Records excerpted from a collection:
********
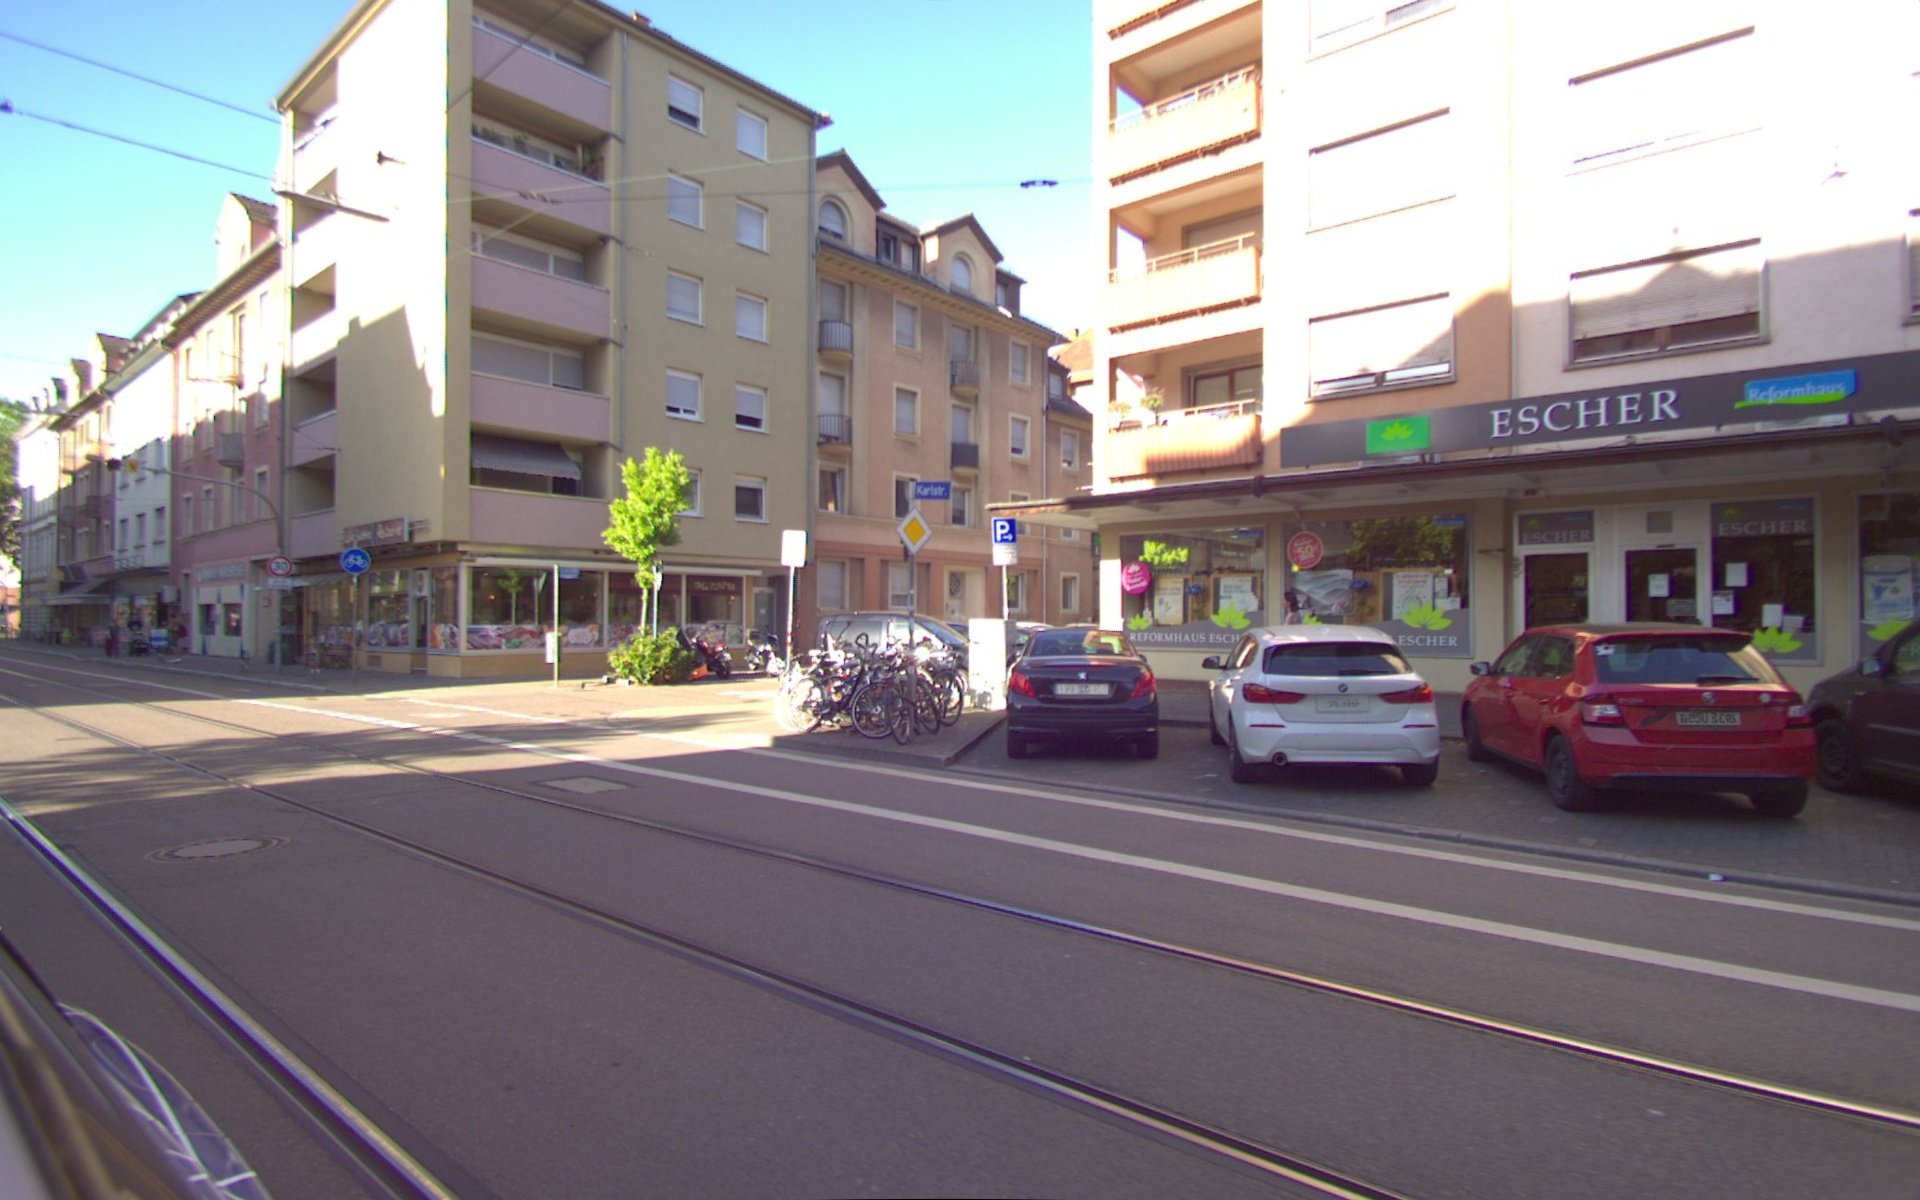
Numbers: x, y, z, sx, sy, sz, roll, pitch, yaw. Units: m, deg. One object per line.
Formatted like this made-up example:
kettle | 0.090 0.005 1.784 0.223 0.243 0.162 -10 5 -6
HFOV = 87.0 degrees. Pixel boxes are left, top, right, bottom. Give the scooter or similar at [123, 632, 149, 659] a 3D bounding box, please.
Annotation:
scooter or similar | -33.937 1.874 41.684 1.104 1.069 0.655 -2 -1 41

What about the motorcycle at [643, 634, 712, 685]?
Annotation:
motorcycle | -7.282 1.503 26.041 2.175 1.219 0.613 -1 -1 41

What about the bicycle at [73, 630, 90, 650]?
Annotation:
bicycle | -48.981 2.215 56.413 2.328 1.068 0.420 -1 -1 41

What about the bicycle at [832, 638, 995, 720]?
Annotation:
bicycle | -0.726 1.181 15.476 2.396 1.118 0.685 -2 -2 -9

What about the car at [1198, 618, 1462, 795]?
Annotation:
car | 3.520 0.921 10.342 1.734 1.410 3.783 0 0 8

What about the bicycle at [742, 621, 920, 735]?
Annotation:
bicycle | -1.676 0.981 12.841 2.431 1.330 0.675 -4 -3 37

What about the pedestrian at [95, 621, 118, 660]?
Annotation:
pedestrian | -34.978 1.660 41.492 0.623 1.560 0.629 -1 -1 40

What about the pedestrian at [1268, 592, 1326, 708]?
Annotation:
pedestrian | 4.976 0.718 14.953 0.641 1.665 0.563 -1 -1 41

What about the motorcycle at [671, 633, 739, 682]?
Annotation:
motorcycle | -6.731 1.490 26.600 2.175 1.219 0.613 -1 -1 41

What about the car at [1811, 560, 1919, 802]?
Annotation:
car | 7.887 0.605 6.669 1.777 1.798 3.811 0 1 10

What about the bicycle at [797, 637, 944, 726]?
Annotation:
bicycle | -1.222 1.112 13.918 1.867 1.132 0.681 -3 -2 10

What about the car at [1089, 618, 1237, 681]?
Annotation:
car | 5.789 1.414 29.301 3.951 1.568 1.688 -4 -1 6

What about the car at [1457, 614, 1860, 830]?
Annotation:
car | 5.739 0.891 8.858 1.631 1.484 3.458 -1 -1 12

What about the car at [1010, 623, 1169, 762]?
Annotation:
car | 1.512 0.985 12.099 1.605 1.347 3.464 0 0 7

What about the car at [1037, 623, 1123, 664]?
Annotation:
car | 4.960 1.736 41.475 1.793 1.522 3.820 -1 -1 38

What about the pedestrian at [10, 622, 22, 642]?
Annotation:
pedestrian | -89.728 3.022 96.185 0.809 1.861 0.784 -1 -1 44

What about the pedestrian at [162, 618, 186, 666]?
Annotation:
pedestrian | -28.002 1.493 36.060 0.616 1.698 0.557 -1 -1 39

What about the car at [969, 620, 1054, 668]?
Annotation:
car | 1.876 1.514 35.883 1.785 1.522 3.839 -1 0 24

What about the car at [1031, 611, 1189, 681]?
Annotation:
car | 3.934 1.205 26.953 3.951 1.468 1.689 -4 3 6

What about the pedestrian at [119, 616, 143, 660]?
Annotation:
pedestrian | -34.707 1.576 42.366 0.820 1.803 0.619 -1 -1 41

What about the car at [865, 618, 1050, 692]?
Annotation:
car | -0.007 1.252 23.407 3.957 1.403 1.843 -4 -1 11

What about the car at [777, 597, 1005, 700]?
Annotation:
car | -1.429 1.058 20.977 4.324 1.831 1.837 -4 -5 20

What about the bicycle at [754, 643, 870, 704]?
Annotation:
bicycle | -2.937 1.446 19.889 2.429 1.118 0.676 -4 -3 35
********
# [WHAT TO WORK ON]
Return the data word for word without its pictures.

# [RESPONSE FOR THIS EXERCISE]
Numbers: x, y, z, sx, sy, sz, roll, pitch, yaw. Units: m, deg. One object per line.
Formatted like this made-up example:
kettle | 0.090 0.005 1.784 0.223 0.243 0.162 -10 5 -6
HFOV = 87.0 degrees. Pixel boxes are left, top, right, bottom. Give the scooter or similar at [123, 632, 149, 659] a 3D bounding box, please.
Annotation:
scooter or similar | -33.937 1.874 41.684 1.104 1.069 0.655 -2 -1 41

What about the motorcycle at [643, 634, 712, 685]?
Annotation:
motorcycle | -7.282 1.503 26.041 2.175 1.219 0.613 -1 -1 41

What about the bicycle at [73, 630, 90, 650]?
Annotation:
bicycle | -48.981 2.215 56.413 2.328 1.068 0.420 -1 -1 41

What about the bicycle at [832, 638, 995, 720]?
Annotation:
bicycle | -0.726 1.181 15.476 2.396 1.118 0.685 -2 -2 -9

What about the car at [1198, 618, 1462, 795]?
Annotation:
car | 3.520 0.921 10.342 1.734 1.410 3.783 0 0 8

What about the bicycle at [742, 621, 920, 735]?
Annotation:
bicycle | -1.676 0.981 12.841 2.431 1.330 0.675 -4 -3 37

What about the pedestrian at [95, 621, 118, 660]?
Annotation:
pedestrian | -34.978 1.660 41.492 0.623 1.560 0.629 -1 -1 40

What about the pedestrian at [1268, 592, 1326, 708]?
Annotation:
pedestrian | 4.976 0.718 14.953 0.641 1.665 0.563 -1 -1 41

What about the motorcycle at [671, 633, 739, 682]?
Annotation:
motorcycle | -6.731 1.490 26.600 2.175 1.219 0.613 -1 -1 41

What about the car at [1811, 560, 1919, 802]?
Annotation:
car | 7.887 0.605 6.669 1.777 1.798 3.811 0 1 10

What about the bicycle at [797, 637, 944, 726]?
Annotation:
bicycle | -1.222 1.112 13.918 1.867 1.132 0.681 -3 -2 10

What about the car at [1089, 618, 1237, 681]?
Annotation:
car | 5.789 1.414 29.301 3.951 1.568 1.688 -4 -1 6

What about the car at [1457, 614, 1860, 830]?
Annotation:
car | 5.739 0.891 8.858 1.631 1.484 3.458 -1 -1 12

What about the car at [1010, 623, 1169, 762]?
Annotation:
car | 1.512 0.985 12.099 1.605 1.347 3.464 0 0 7

What about the car at [1037, 623, 1123, 664]?
Annotation:
car | 4.960 1.736 41.475 1.793 1.522 3.820 -1 -1 38

What about the pedestrian at [10, 622, 22, 642]?
Annotation:
pedestrian | -89.728 3.022 96.185 0.809 1.861 0.784 -1 -1 44

What about the pedestrian at [162, 618, 186, 666]?
Annotation:
pedestrian | -28.002 1.493 36.060 0.616 1.698 0.557 -1 -1 39

What about the car at [969, 620, 1054, 668]?
Annotation:
car | 1.876 1.514 35.883 1.785 1.522 3.839 -1 0 24

What about the car at [1031, 611, 1189, 681]?
Annotation:
car | 3.934 1.205 26.953 3.951 1.468 1.689 -4 3 6

What about the pedestrian at [119, 616, 143, 660]?
Annotation:
pedestrian | -34.707 1.576 42.366 0.820 1.803 0.619 -1 -1 41

What about the car at [865, 618, 1050, 692]?
Annotation:
car | -0.007 1.252 23.407 3.957 1.403 1.843 -4 -1 11

What about the car at [777, 597, 1005, 700]?
Annotation:
car | -1.429 1.058 20.977 4.324 1.831 1.837 -4 -5 20

What about the bicycle at [754, 643, 870, 704]?
Annotation:
bicycle | -2.937 1.446 19.889 2.429 1.118 0.676 -4 -3 35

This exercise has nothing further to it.